DATA SHOWN ▸
============

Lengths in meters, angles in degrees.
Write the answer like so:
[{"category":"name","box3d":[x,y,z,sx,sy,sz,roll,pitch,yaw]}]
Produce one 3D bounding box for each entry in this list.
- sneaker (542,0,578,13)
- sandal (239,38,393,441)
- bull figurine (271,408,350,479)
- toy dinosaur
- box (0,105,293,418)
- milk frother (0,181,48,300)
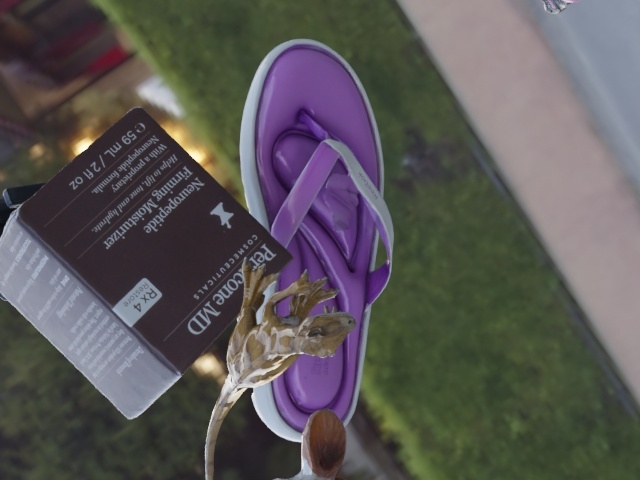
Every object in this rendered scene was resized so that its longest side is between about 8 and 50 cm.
[{"category":"sneaker","box3d":[0.190,-0.254,1.309,0.119,0.047,0.057,56,160,9]},{"category":"sandal","box3d":[0.013,-0.001,1.487,0.102,0.169,0.416,-2,90,56]},{"category":"bull figurine","box3d":[0.034,0.187,0.703,0.188,0.101,0.310,20,150,-4]},{"category":"toy dinosaur","box3d":[-0.042,0.074,0.931,0.064,0.112,0.211,27,145,-10]},{"category":"box","box3d":[-0.171,0.023,1.336,0.203,0.168,0.167,44,149,-1]},{"category":"milk frother","box3d":[-0.361,0.003,1.832,0.129,0.135,0.143,-25,75,59]}]
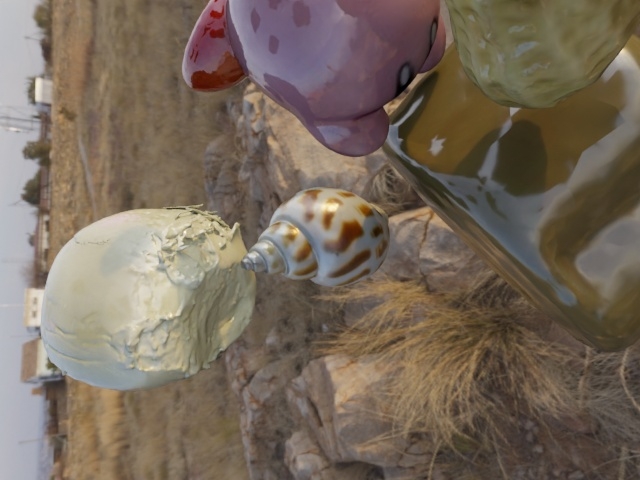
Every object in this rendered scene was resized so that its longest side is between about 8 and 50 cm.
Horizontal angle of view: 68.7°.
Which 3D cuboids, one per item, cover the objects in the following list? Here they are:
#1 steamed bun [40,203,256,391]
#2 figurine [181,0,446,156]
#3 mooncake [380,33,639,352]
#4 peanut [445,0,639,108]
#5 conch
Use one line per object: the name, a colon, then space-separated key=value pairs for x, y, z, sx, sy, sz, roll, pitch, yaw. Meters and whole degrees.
steamed bun: x=-0.287 y=0.065 z=0.769 sx=0.334 sy=0.312 sz=0.232 roll=-50 pitch=-38 yaw=-63
figurine: x=-0.002 y=-0.244 z=0.489 sx=0.269 sy=0.262 sz=0.211 roll=-54 pitch=-7 yaw=-5
mooncake: x=0.307 y=-0.080 z=0.659 sx=0.262 sy=0.467 sz=0.467 roll=-43 pitch=43 yaw=9
peanut: x=0.145 y=-0.205 z=0.307 sx=0.147 sy=0.305 sz=0.146 roll=-12 pitch=63 yaw=25
conch: x=0.000 y=0.000 z=0.801 sx=0.149 sy=0.275 sz=0.182 roll=141 pitch=111 yaw=-83
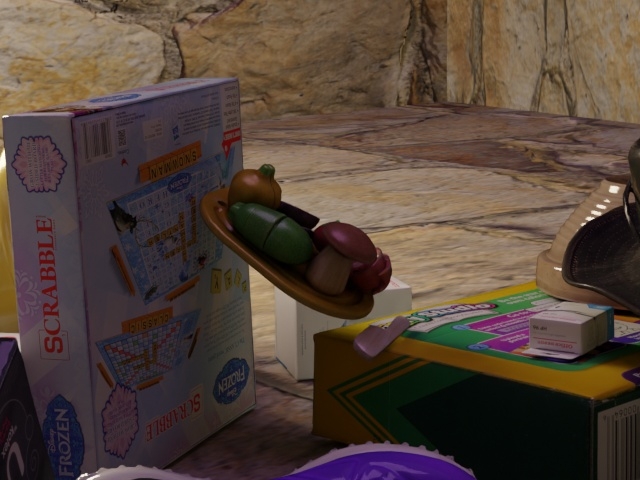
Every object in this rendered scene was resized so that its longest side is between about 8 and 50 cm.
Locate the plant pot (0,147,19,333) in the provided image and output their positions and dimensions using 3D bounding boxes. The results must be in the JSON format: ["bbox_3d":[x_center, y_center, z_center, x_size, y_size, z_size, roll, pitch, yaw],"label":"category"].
[{"bbox_3d":[-0.325,0.018,1.758,0.239,0.254,0.254,-13,9,10],"label":"plant pot"}]

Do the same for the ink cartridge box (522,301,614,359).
[{"bbox_3d":[0.205,0.074,1.377,0.048,0.028,0.083,5,13,33],"label":"ink cartridge box"}]

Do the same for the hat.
[{"bbox_3d":[0.349,-0.049,1.350,0.331,0.134,0.331,-11,20,4],"label":"hat"}]

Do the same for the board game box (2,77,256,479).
[{"bbox_3d":[-0.152,0.031,1.427,0.066,0.318,0.319,1,10,22],"label":"board game box"}]

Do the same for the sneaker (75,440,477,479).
[{"bbox_3d":[-0.031,0.212,1.095,0.293,0.102,0.146,-6,15,-1],"label":"sneaker"}]

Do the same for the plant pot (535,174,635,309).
[{"bbox_3d":[0.326,-0.004,1.593,0.237,0.109,0.237,1,8,0],"label":"plant pot"}]

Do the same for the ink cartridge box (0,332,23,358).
[{"bbox_3d":[-0.388,0.151,1.315,0.306,0.131,0.226,0,11,9],"label":"ink cartridge box"}]

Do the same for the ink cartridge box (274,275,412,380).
[{"bbox_3d":[0.032,0.086,1.728,0.143,0.089,0.092,-4,11,-16],"label":"ink cartridge box"}]

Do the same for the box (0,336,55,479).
[{"bbox_3d":[-0.332,0.161,1.085,0.270,0.143,0.165,1,40,8],"label":"box"}]

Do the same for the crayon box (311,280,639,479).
[{"bbox_3d":[0.227,0.123,1.488,0.363,0.106,0.313,-10,13,-43],"label":"crayon box"}]

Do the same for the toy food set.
[{"bbox_3d":[0.000,0.000,1.425,0.218,0.071,0.128,38,22,16],"label":"toy food set"}]
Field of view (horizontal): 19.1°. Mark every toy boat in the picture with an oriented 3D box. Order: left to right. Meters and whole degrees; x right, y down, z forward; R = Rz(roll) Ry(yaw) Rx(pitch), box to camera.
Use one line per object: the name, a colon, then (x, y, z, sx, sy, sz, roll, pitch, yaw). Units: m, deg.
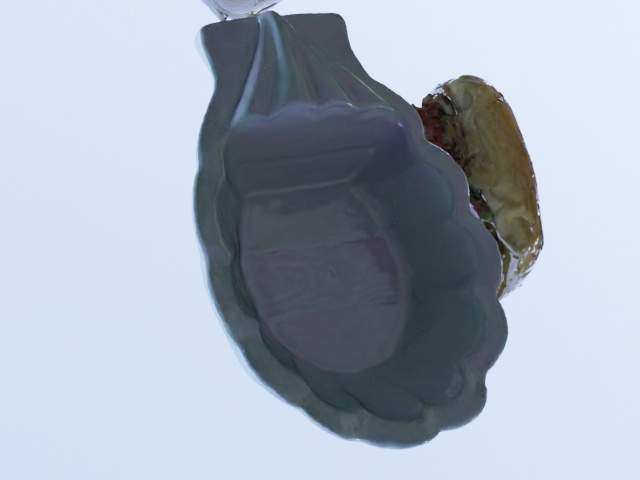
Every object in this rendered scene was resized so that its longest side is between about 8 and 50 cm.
toy boat: (0.000, 0.000, 1.180, 0.199, 0.100, 0.290, -7, -108, -29)

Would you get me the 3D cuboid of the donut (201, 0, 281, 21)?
donut: (-0.143, -0.420, 2.168, 0.360, 0.170, 0.360, 54, 176, 5)

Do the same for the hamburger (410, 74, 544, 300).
hamburger: (0.125, -0.033, 1.844, 0.163, 0.244, 0.244, -13, -132, -15)
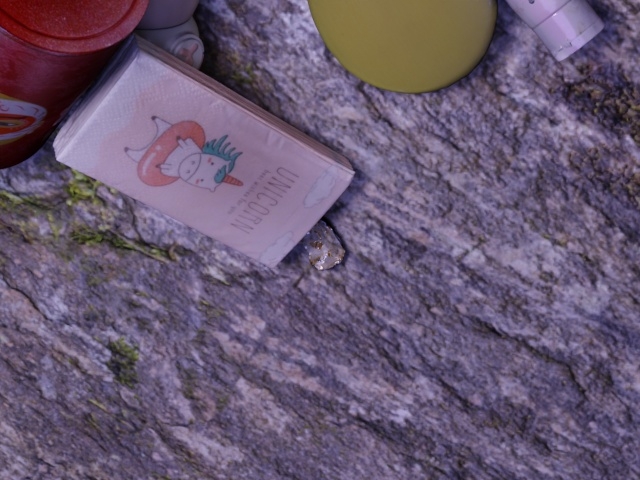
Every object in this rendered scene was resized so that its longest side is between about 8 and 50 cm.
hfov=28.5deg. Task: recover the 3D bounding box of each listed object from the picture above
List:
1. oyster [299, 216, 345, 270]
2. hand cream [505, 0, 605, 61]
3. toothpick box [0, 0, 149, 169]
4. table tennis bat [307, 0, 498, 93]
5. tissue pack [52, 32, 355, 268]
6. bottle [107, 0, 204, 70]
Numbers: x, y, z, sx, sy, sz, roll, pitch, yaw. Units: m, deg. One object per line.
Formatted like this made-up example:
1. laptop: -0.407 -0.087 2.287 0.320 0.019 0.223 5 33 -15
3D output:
1. oyster: -0.002 -0.003 1.593 0.054 0.019 0.083 -24 109 17
2. hand cream: 0.195 -0.341 1.417 0.111 0.070 0.312 -36 95 21
3. toothpick box: -0.333 -0.224 1.362 0.204 0.204 0.333 43 148 -10
4. table tennis bat: 0.058 -0.333 1.427 0.224 0.054 0.369 -23 107 31
5. tissue pack: -0.131 -0.095 1.473 0.325 0.071 0.170 29 113 -33
6. bottle: -0.197 -0.283 1.442 0.147 0.147 0.237 5 120 5
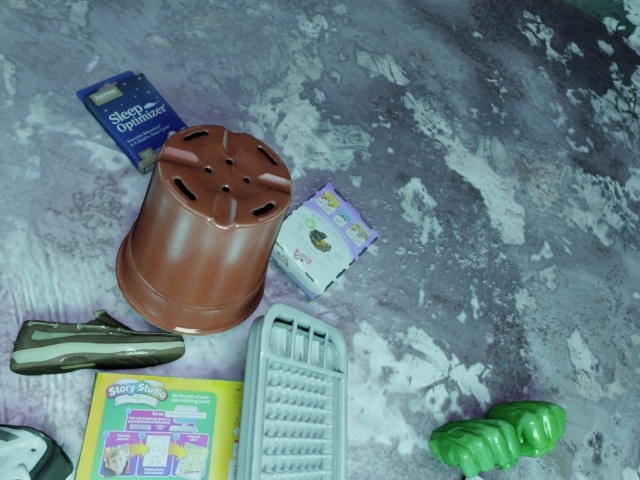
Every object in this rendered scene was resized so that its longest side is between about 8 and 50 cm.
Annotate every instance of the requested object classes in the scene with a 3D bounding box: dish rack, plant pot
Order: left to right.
[{"bbox_3d":[-0.182,-0.026,0.766,0.272,0.265,0.273,15,48,-17],"label":"plant pot"},{"bbox_3d":[-0.045,0.292,0.767,0.285,0.072,0.333,37,48,-53],"label":"dish rack"}]

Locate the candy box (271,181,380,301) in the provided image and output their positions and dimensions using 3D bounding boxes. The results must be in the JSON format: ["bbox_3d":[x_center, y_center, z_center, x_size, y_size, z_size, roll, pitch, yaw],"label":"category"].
[{"bbox_3d":[0.000,0.000,0.973,0.165,0.070,0.196,47,59,2],"label":"candy box"}]

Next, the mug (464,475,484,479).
[{"bbox_3d":[0.299,0.497,0.887,0.078,0.062,0.064,43,68,8],"label":"mug"}]

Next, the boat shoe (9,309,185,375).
[{"bbox_3d":[-0.353,0.156,0.757,0.257,0.095,0.095,1,62,-21],"label":"boat shoe"}]

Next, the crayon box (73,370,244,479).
[{"bbox_3d":[-0.227,0.308,0.746,0.278,0.081,0.166,10,65,-18],"label":"crayon box"}]

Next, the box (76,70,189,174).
[{"bbox_3d":[-0.378,-0.256,0.954,0.136,0.036,0.225,-39,85,-30],"label":"box"}]

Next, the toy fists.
[{"bbox_3d":[0.360,0.383,0.910,0.278,0.142,0.096,-7,71,-23],"label":"toy fists"}]

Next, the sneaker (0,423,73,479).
[{"bbox_3d":[-0.387,0.360,0.528,0.447,0.169,0.257,28,37,30],"label":"sneaker"}]

============

WORK TO COMPLETE ▸ Beginning with the line that holds "Next, the boat shoe (9,309,185,375)." and ending with the last line of the material, output each line exactly and nothing beyond them.

EXERCISE RESPONSE ▸
Next, the boat shoe (9,309,185,375).
[{"bbox_3d":[-0.353,0.156,0.757,0.257,0.095,0.095,1,62,-21],"label":"boat shoe"}]

Next, the crayon box (73,370,244,479).
[{"bbox_3d":[-0.227,0.308,0.746,0.278,0.081,0.166,10,65,-18],"label":"crayon box"}]

Next, the box (76,70,189,174).
[{"bbox_3d":[-0.378,-0.256,0.954,0.136,0.036,0.225,-39,85,-30],"label":"box"}]

Next, the toy fists.
[{"bbox_3d":[0.360,0.383,0.910,0.278,0.142,0.096,-7,71,-23],"label":"toy fists"}]

Next, the sneaker (0,423,73,479).
[{"bbox_3d":[-0.387,0.360,0.528,0.447,0.169,0.257,28,37,30],"label":"sneaker"}]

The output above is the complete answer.